[Directions for this task] Write out the entries, please, from the line containing "Lens: 60.0° across" through their final line, exactly and with nothing else.

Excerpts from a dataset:
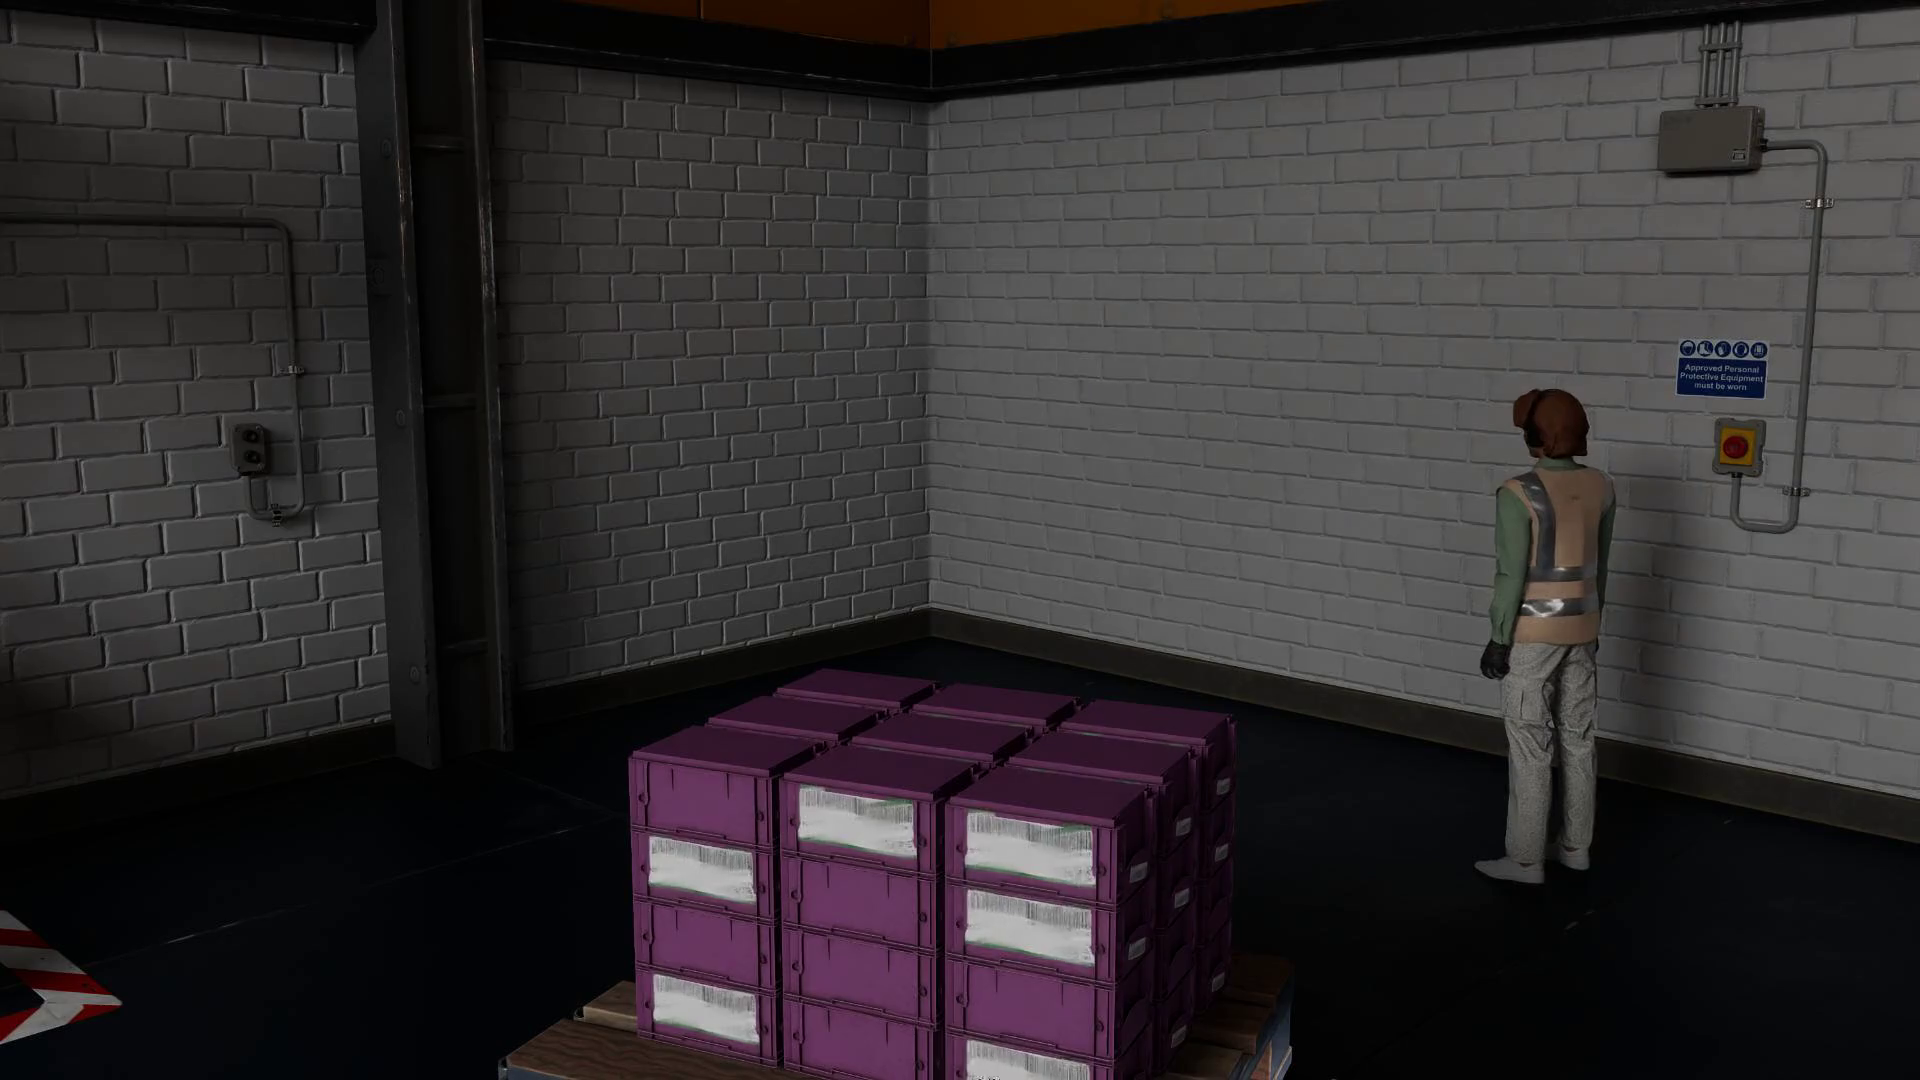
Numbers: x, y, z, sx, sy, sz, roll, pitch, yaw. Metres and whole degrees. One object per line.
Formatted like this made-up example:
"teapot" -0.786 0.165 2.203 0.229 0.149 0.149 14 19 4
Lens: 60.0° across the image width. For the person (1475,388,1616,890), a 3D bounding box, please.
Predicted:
"person" 1.924 0.324 5.463 0.523 1.636 0.310 -5 11 -30

[Answer for this exercise]
Lens: 60.0° across the image width. For the person (1475,388,1616,890), a 3D bounding box, please.
Predicted:
"person" 1.924 0.324 5.463 0.523 1.636 0.310 -5 11 -30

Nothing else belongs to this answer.